現代人は、むしろ、この佐久間信盛に共感する人が多いです。
それは、思想的に、自分の組織に所属するものは、無条件に
自分の組織に何も考えずに服従することが正義であるという
戦後レジュームに頭がそまっているからです。
自分の頭では考えず、上から命令されたことを無条件に信じ、
服従し、実行する。
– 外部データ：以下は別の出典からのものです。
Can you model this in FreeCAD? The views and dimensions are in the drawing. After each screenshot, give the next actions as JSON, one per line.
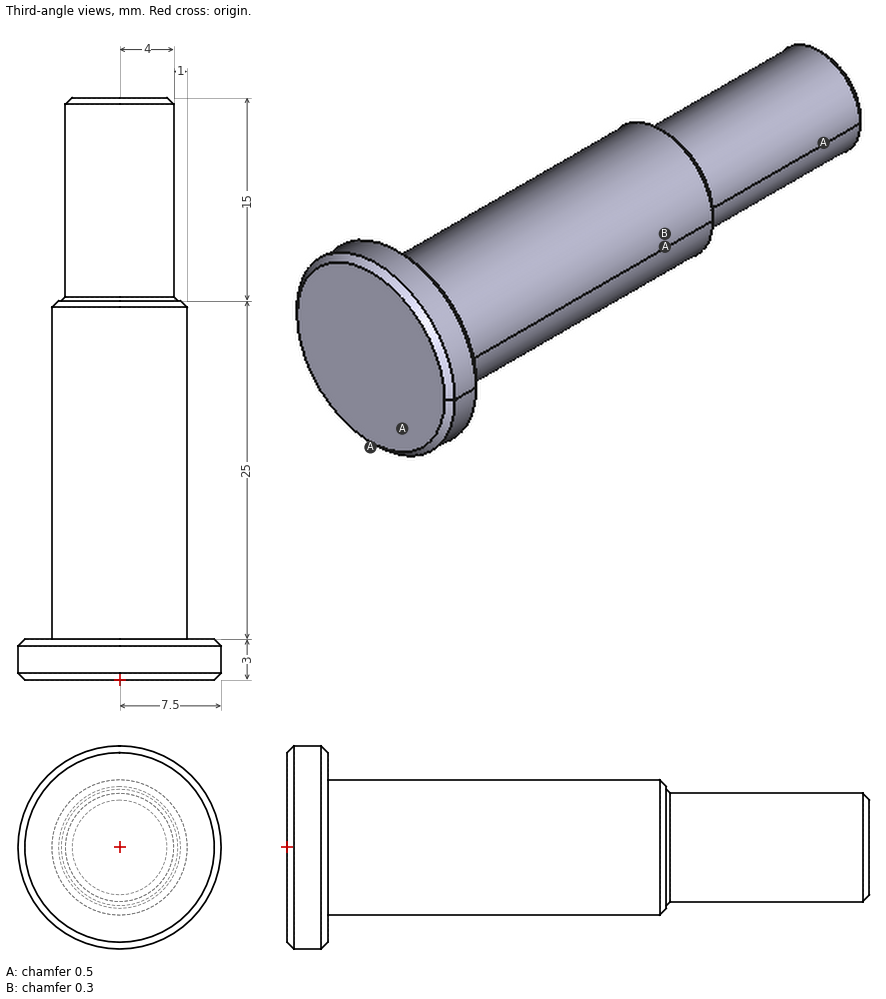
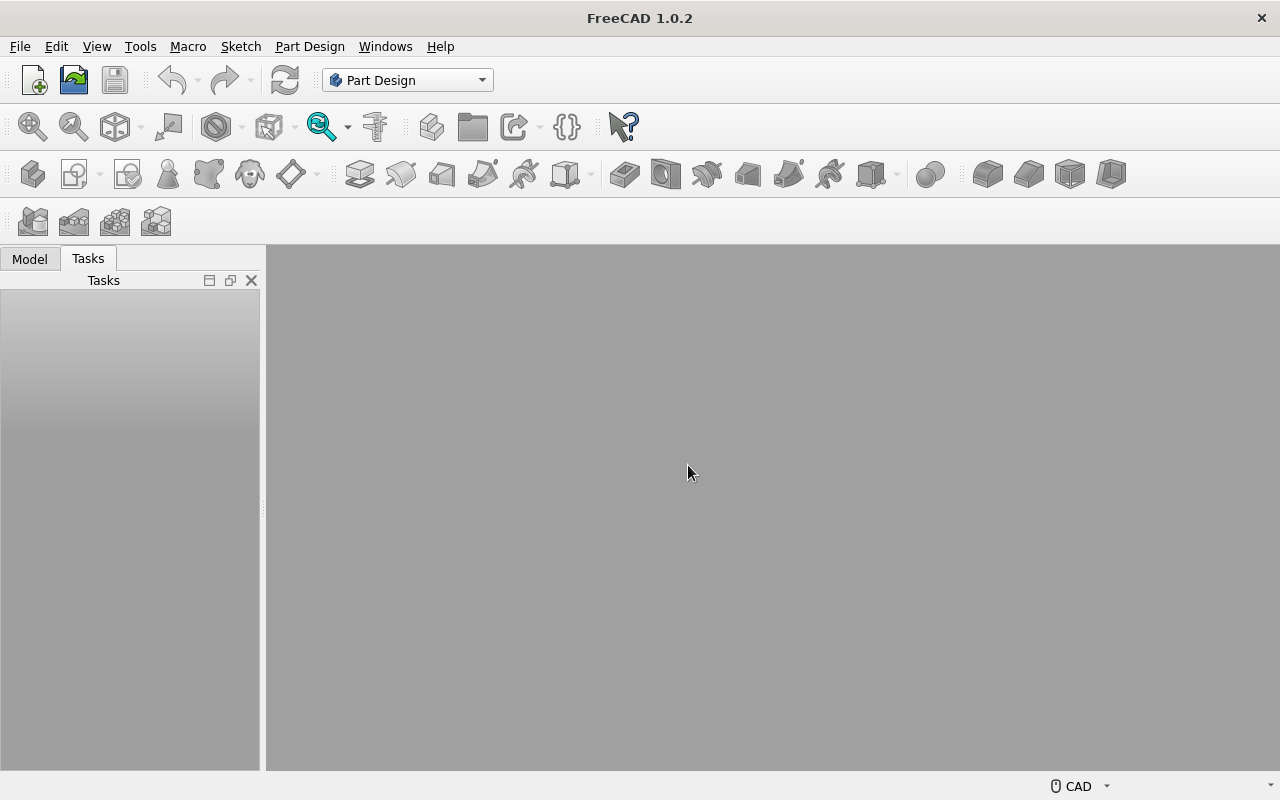
{"action": "left_click", "coordinate": [33, 80]}
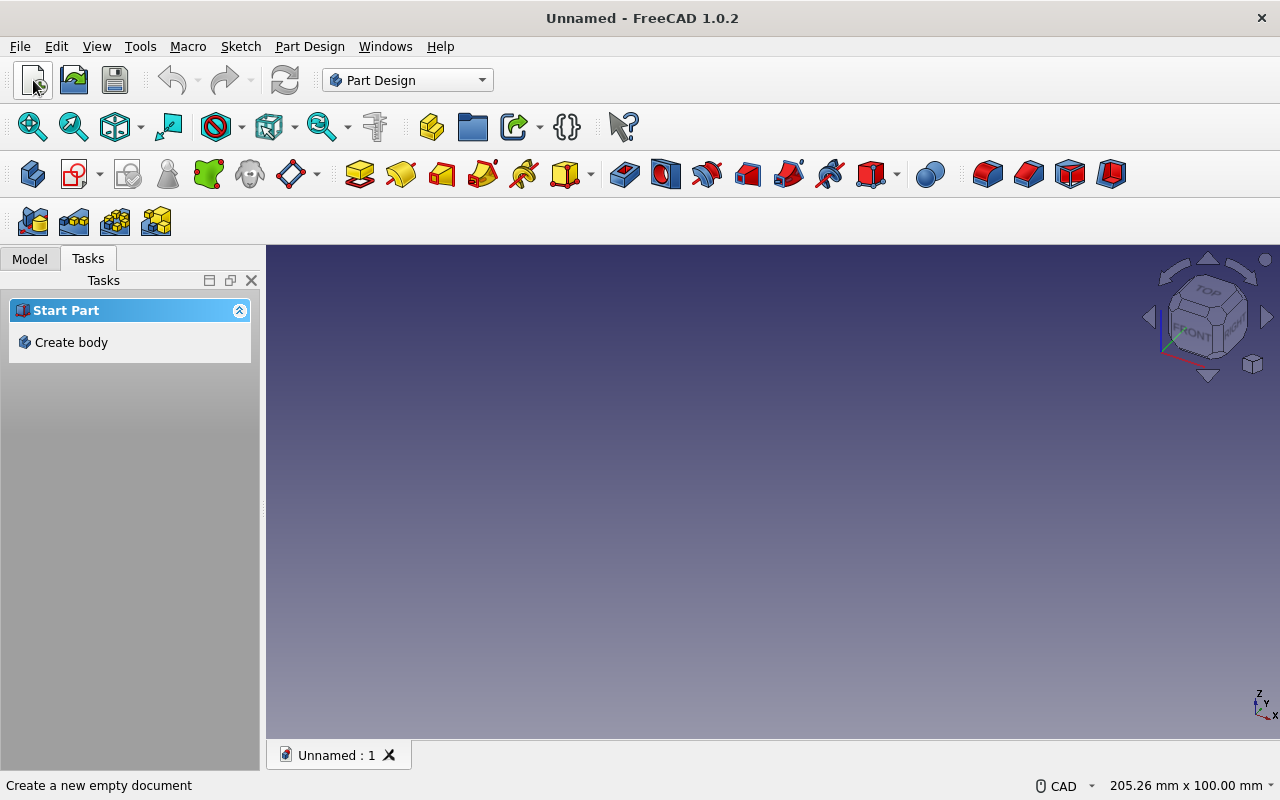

それが正義。
それが戦後レジュームの日本の考え方です。
当然ながら、戦国時代にそんな考え方はないですから、
個々が個人で価値観を持っており、
自分の存在意義のために生きることがもっとも大事であり、
その自分の存在意義や価値観を認めてくれる上司こそ至上であったのです。
そうした現代と違う、戦国時代の価値観からすれば
織田信長は理想の上司であり、
現代日本のように、組織防衛のためなら自分の組織に不備や不正にも目をつぶる。
思想こそ大事で異論は認めない、といった集団主義とはまったく違った価値観を
戦国時代の人たちは持っていたのです。
しかし、それはアメリカという支配者が巨大であったため、
その支配者に何も考えずに服従していれば繁栄できた、
まさに戦後レジュームであればこそ、成立した価値観であり、
今後、アメリカの弱体化とともに、その結束が乱れ、
乱世の状況が蔓延してくると、自分の頭で考えられない者、
自分の価値観をもっていない者は次々と淘汰されていくでしょうから、
これからの若者は織田信長と近い価値観をもっていなければ、
生き残っていけないでしょう。
織田信長も佐久間信盛に対して、
自分で何もしなくても、後々織田信長の威光によってなんとか解決するだろうと
甘いことを考えていたのだろうが、世の中とはそんな甘いものではない、と
叱責しています。
今後の日本は大きなレジュームチェンジの時期をむかえており、
これまでの価値観から脱却できない人々は次々と滅びていくでしょう。
団塊の世代は、たとえ、過去の価値観に固執していたとしても、
ぎりぎりで日本社会を混乱させ、ガタガタにした状態で定年を迎えて逃げ切りです。
現代人は、食べるものや金、衣食住、金など物質がもっとも大切なものであったが、
戦国時代の人がもっとも尊んだものは、自分の存在意義であり、
価値観であった。
戦国時代の人間にとって、自分の価値観を認め、自分の話を真剣に聞いてくれる織田信長は、
たとえ、命をさしだしてもいいどほ尊い存在であった。
衣食住、金など物質的な豊かさこそ価値の最優先である現代人には、
当時の戦国時代の人間の価値観はなかなか理解できない。